Provided records ::
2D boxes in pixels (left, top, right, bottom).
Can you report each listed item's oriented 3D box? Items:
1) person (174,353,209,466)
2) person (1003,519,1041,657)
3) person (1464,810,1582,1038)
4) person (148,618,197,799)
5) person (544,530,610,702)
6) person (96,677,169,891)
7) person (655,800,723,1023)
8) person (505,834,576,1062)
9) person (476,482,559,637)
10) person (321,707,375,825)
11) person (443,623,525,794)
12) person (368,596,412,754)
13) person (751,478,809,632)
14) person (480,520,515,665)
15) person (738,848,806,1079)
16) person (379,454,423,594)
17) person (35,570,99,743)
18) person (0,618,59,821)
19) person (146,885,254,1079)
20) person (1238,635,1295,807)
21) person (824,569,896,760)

--

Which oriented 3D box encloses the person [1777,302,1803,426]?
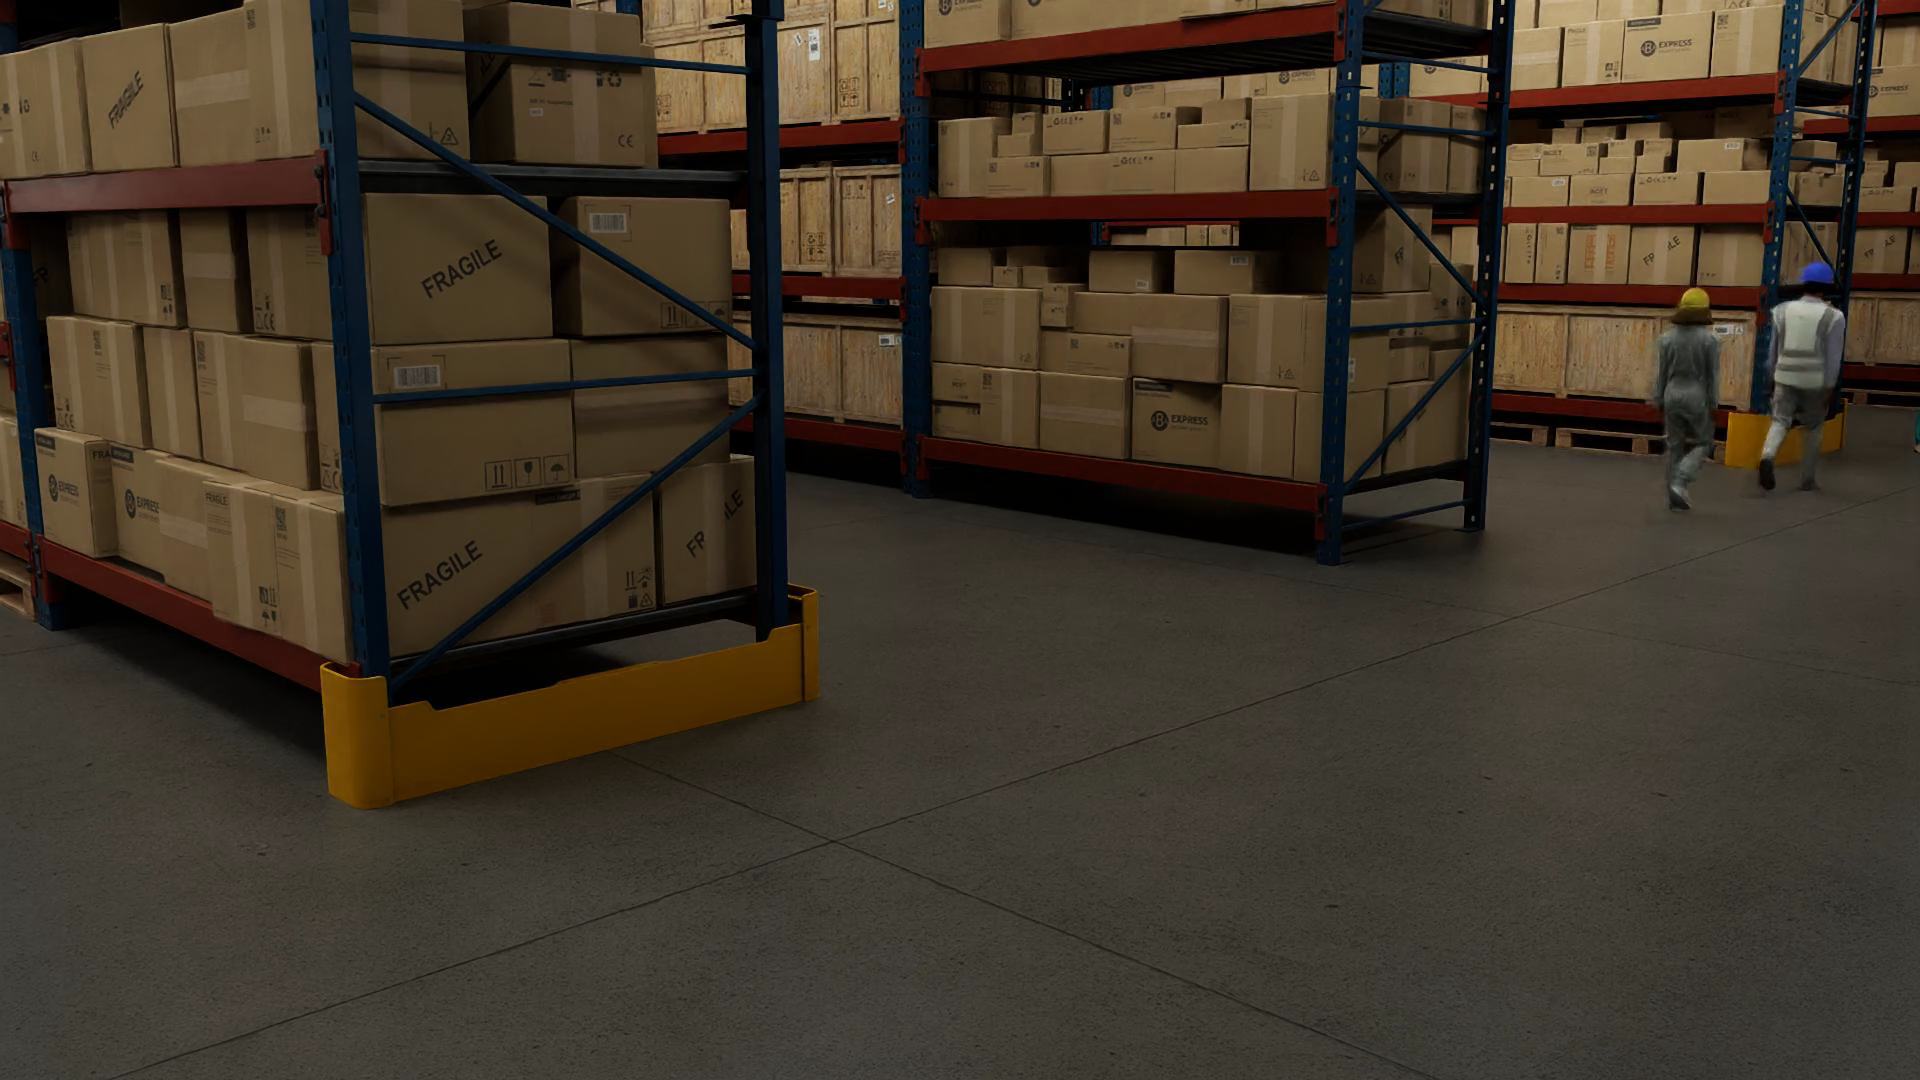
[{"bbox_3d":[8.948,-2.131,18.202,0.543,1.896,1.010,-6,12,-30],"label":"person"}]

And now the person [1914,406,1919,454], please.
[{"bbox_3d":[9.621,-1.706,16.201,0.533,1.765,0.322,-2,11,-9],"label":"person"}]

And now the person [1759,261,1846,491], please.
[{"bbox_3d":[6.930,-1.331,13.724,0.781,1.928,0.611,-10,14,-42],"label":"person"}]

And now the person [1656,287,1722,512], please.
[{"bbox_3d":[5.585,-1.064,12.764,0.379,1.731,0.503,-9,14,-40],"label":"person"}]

Brief ::
Copy verbatim, from the listing above, each line from the one containing "2D boxes in" down to the one containing "21) person (824,569,896,760)", inclusive.

Solved exercise ::
2D boxes in pixels (left, top, right, bottom).
Can you report each listed item's oriented 3D box? Items:
1) person (174,353,209,466)
2) person (1003,519,1041,657)
3) person (1464,810,1582,1038)
4) person (148,618,197,799)
5) person (544,530,610,702)
6) person (96,677,169,891)
7) person (655,800,723,1023)
8) person (505,834,576,1062)
9) person (476,482,559,637)
10) person (321,707,375,825)
11) person (443,623,525,794)
12) person (368,596,412,754)
13) person (751,478,809,632)
14) person (480,520,515,665)
15) person (738,848,806,1079)
16) person (379,454,423,594)
17) person (35,570,99,743)
18) person (0,618,59,821)
19) person (146,885,254,1079)
20) person (1238,635,1295,807)
21) person (824,569,896,760)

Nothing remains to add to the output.